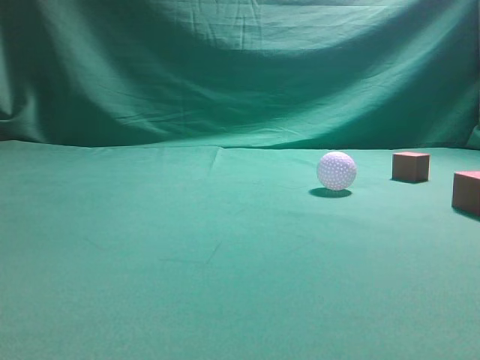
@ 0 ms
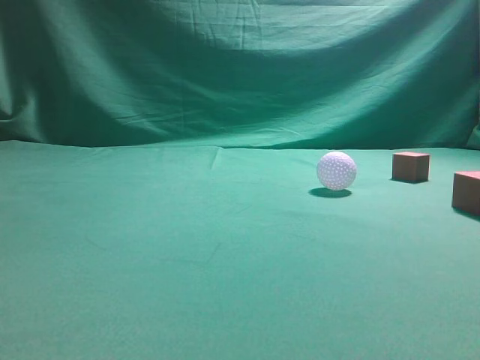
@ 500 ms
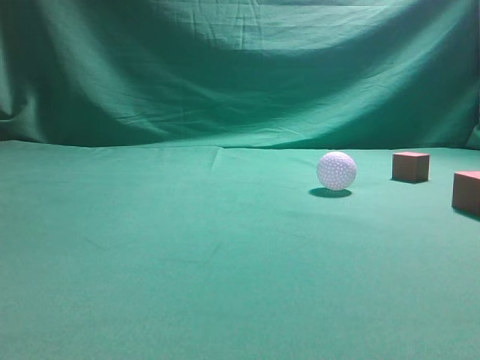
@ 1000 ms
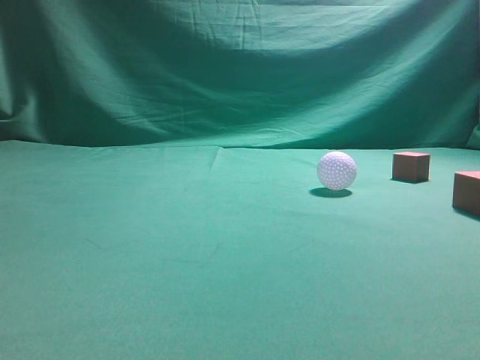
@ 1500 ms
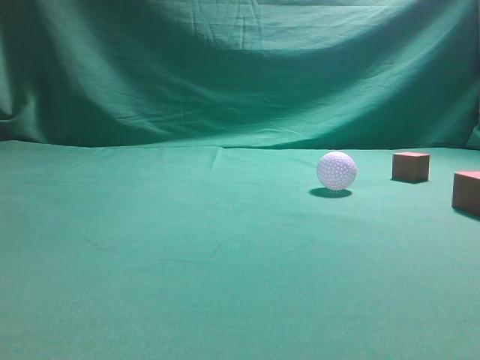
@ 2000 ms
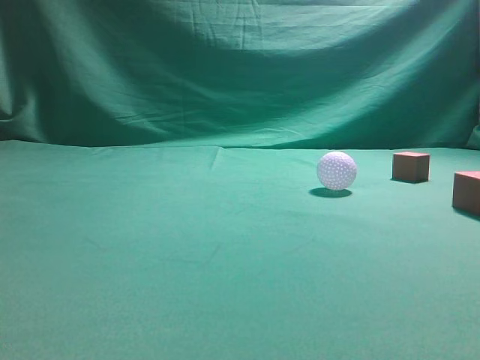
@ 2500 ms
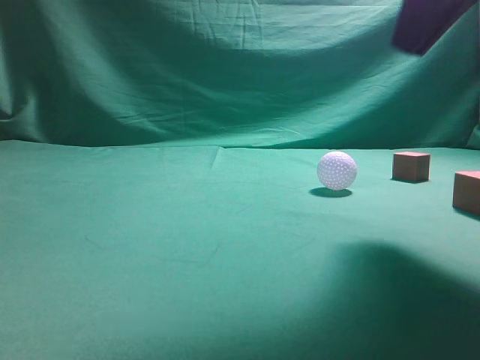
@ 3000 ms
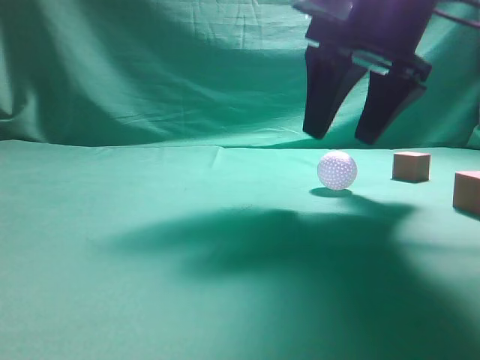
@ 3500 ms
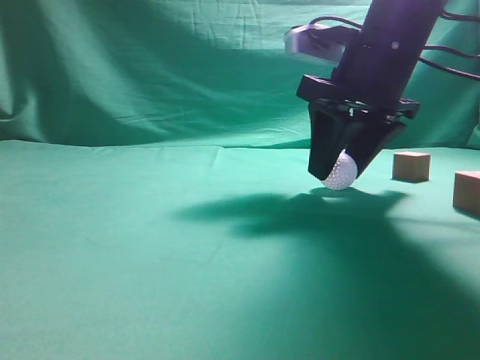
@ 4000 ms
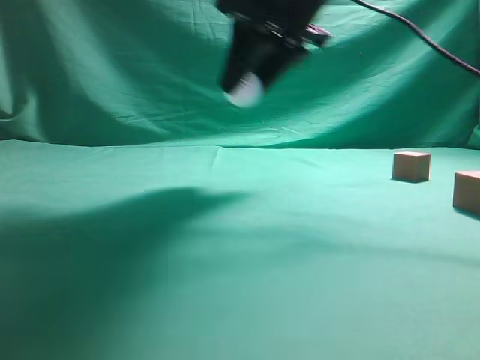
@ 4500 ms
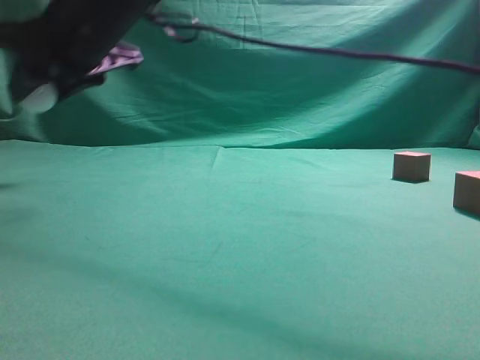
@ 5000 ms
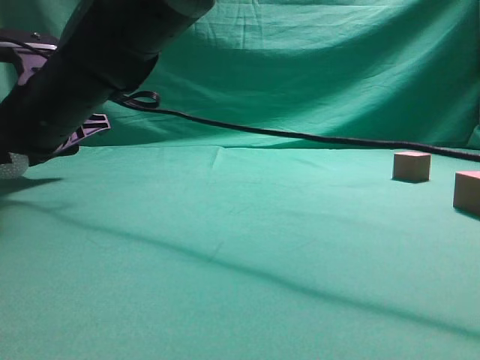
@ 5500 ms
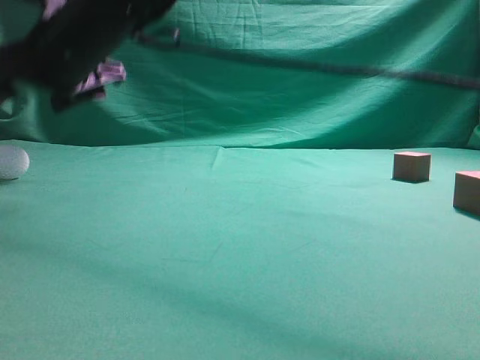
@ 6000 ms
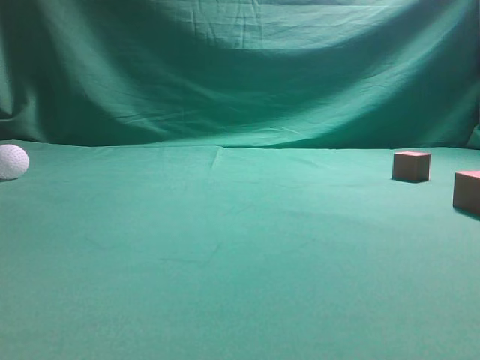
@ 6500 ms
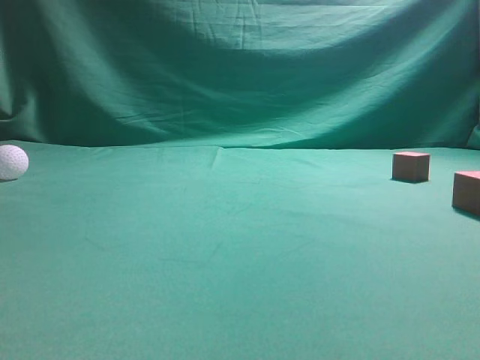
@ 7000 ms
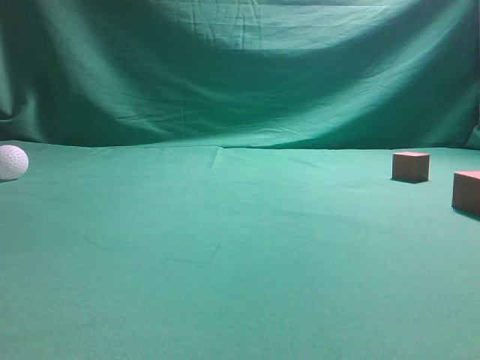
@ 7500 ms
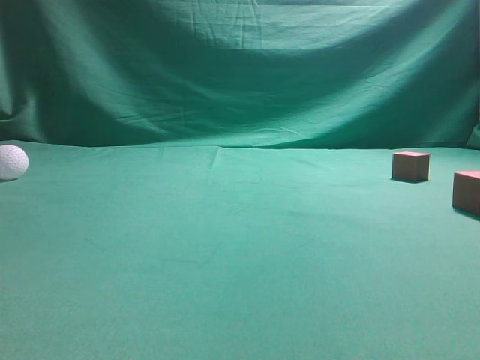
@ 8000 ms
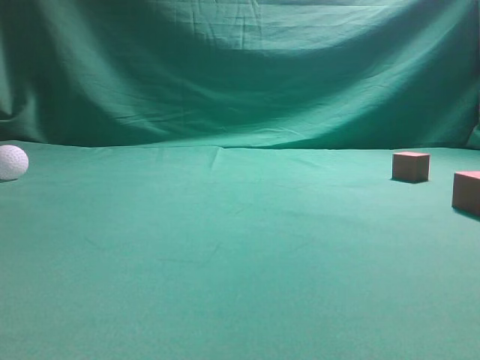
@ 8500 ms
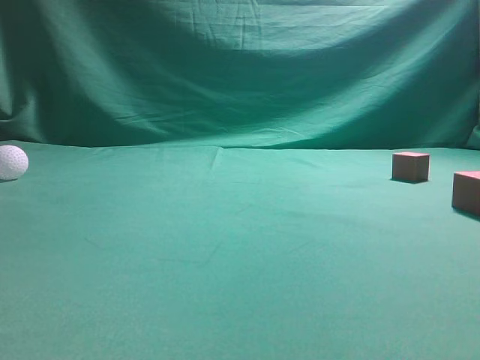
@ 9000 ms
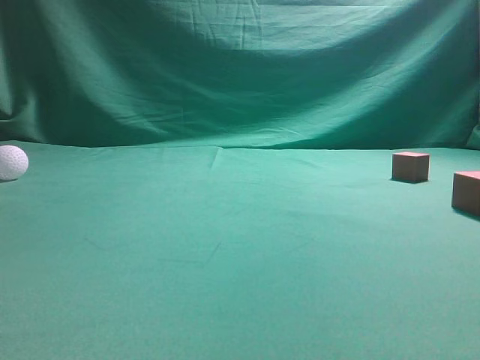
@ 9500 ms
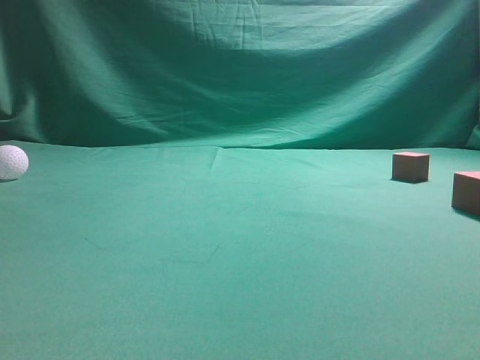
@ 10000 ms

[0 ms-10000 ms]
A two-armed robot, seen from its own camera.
#####
Return every entry from the listing above exactly as it stands, leaving out any picture.

Task solution
@ 0 ms
@ 500 ms
@ 1000 ms
@ 1500 ms
@ 2000 ms
@ 2500 ms
@ 3000 ms
@ 3500 ms
@ 4000 ms
@ 4500 ms
@ 5000 ms
@ 5500 ms
@ 6000 ms
@ 6500 ms
@ 7000 ms
@ 7500 ms
@ 8000 ms
@ 8500 ms
@ 9000 ms
@ 9500 ms
@ 10000 ms

[0 ms-10000 ms]
A two-armed robot, seen from its own camera.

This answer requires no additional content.